Lovastatin, a drug commonly used in the clinic to treat hypercholesterolemia, has previously been reported to exert antitumor effects in rodent tumor models and to strengthen the antitumor effects of immune response modifiers (tumor necrosis factor alpha and IFN-gamma) or chemotherapeutic drugs (cisplatin). In the present report, we show in three murine tumor cell lines (Colon-26 cells, v-Ha-ras-transformed NIH-3T3 sarcoma cells, and Lewis lung carcinoma cells) that lovastatin can also effectively potentiate the cytostatic/cytotoxic activity of doxorubicin.
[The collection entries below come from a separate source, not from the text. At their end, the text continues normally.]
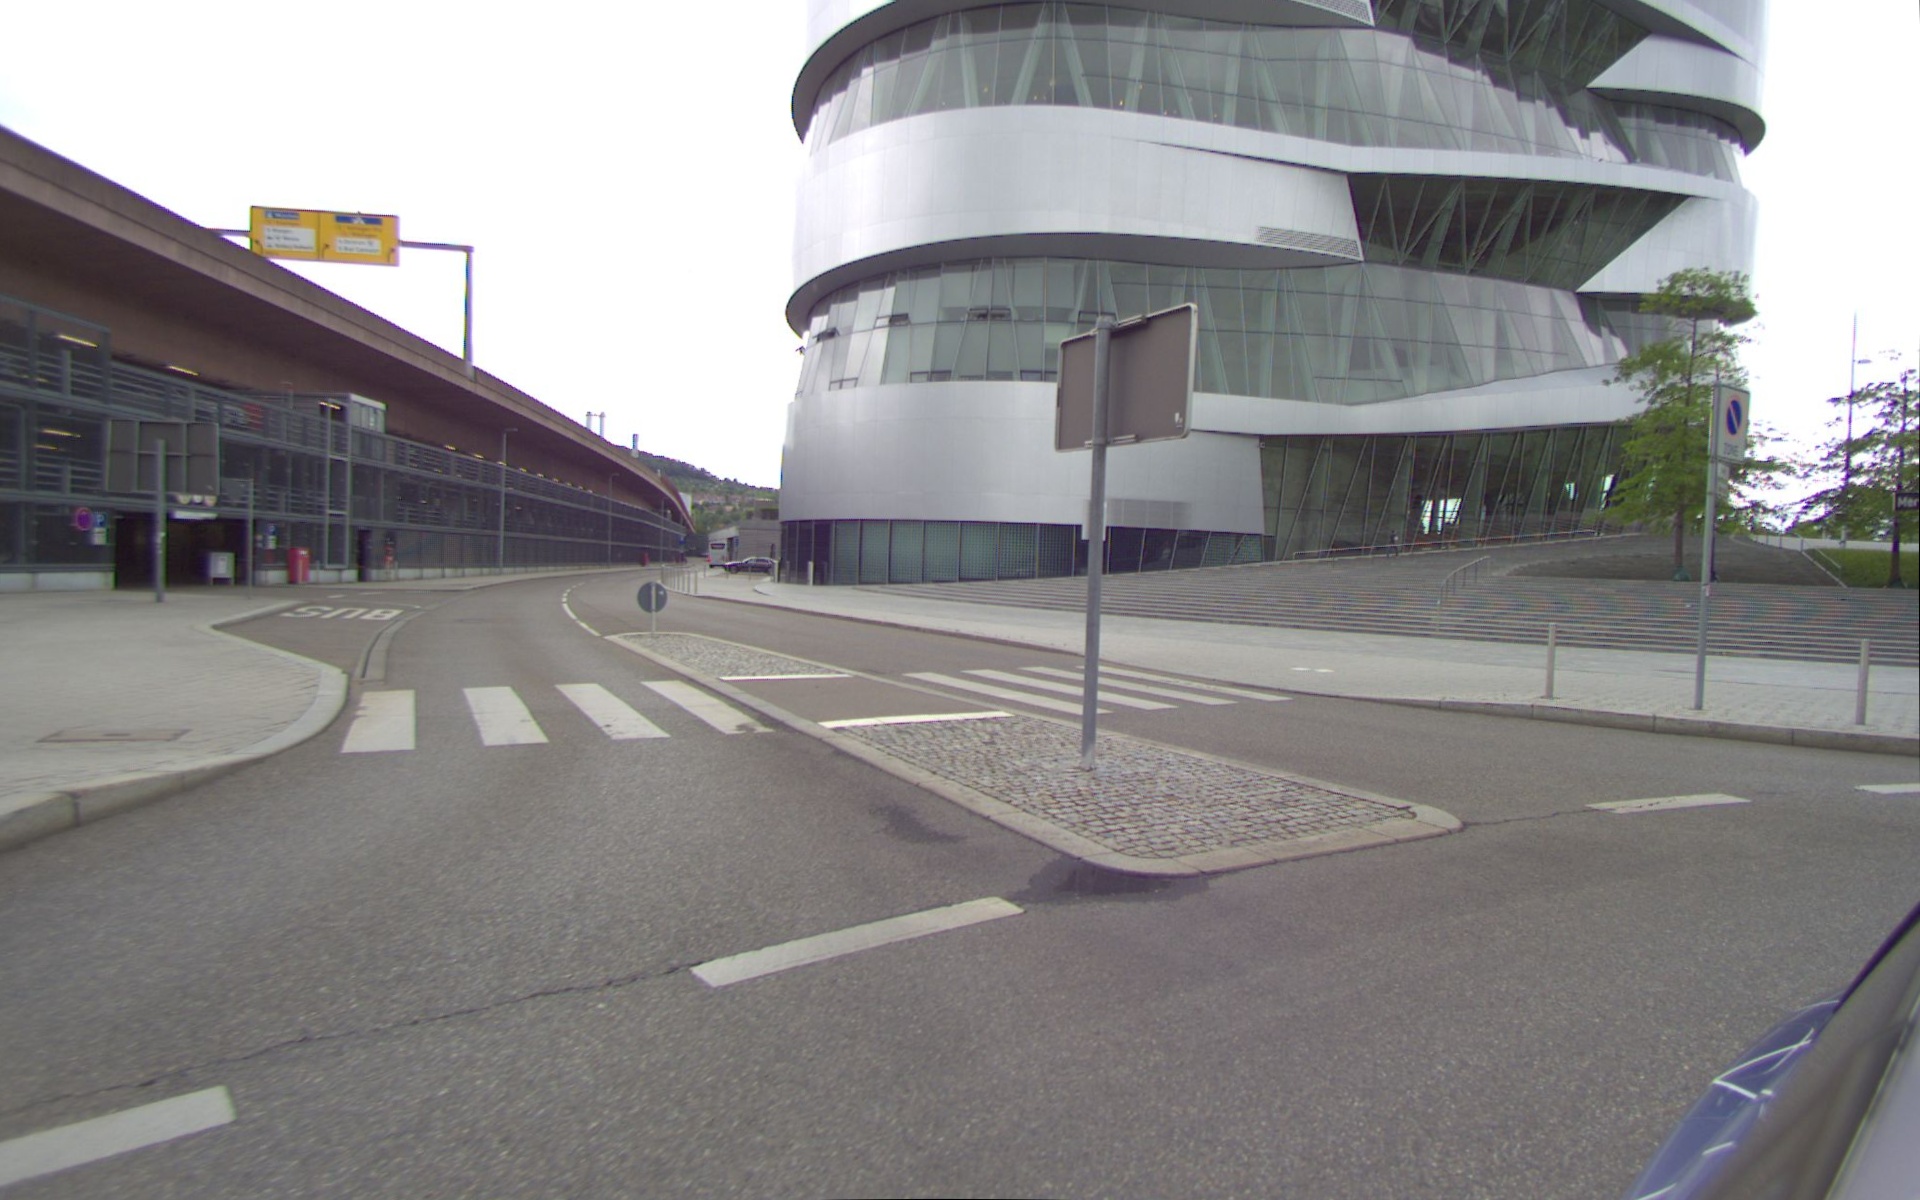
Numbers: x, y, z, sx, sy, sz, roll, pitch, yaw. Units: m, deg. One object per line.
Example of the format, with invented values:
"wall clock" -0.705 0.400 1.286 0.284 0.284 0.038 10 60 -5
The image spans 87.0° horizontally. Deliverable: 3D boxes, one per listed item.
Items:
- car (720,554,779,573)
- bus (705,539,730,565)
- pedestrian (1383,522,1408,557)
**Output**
"car" -18.017 -3.138 86.766 4.807 1.415 1.537 2 1 -7
"bus" -33.541 -6.602 140.257 2.871 3.484 6.982 2 1 -11
"pedestrian" 24.654 -3.413 57.289 0.932 1.948 0.855 -2 2 -18

In three tumor models (Co-ion-26 cells, v-Ha-ras-transformed NIH-3T3 sarcoma cells, and Lewis lung carcinoma cells) in vivo, we have demonstrated significantly increased sensitivity to the combined treatment with both lovastatin (15 mg/kg for 10 days) and doxorubicin (3 x 2.5 mg/kg; cumulative dose, 7.5 mg/kg) as compared with either agent acting alone. Lovastatin treatment also resulted in a significant reduction of troponin T release by cardiomyocytes in doxorubicin-treated mice. This observation is particularly interesting because lovastatin is known to reduce doxorubicin-induced cardiac injury.

PMID:
10815931
[Indexed for MEDLINE]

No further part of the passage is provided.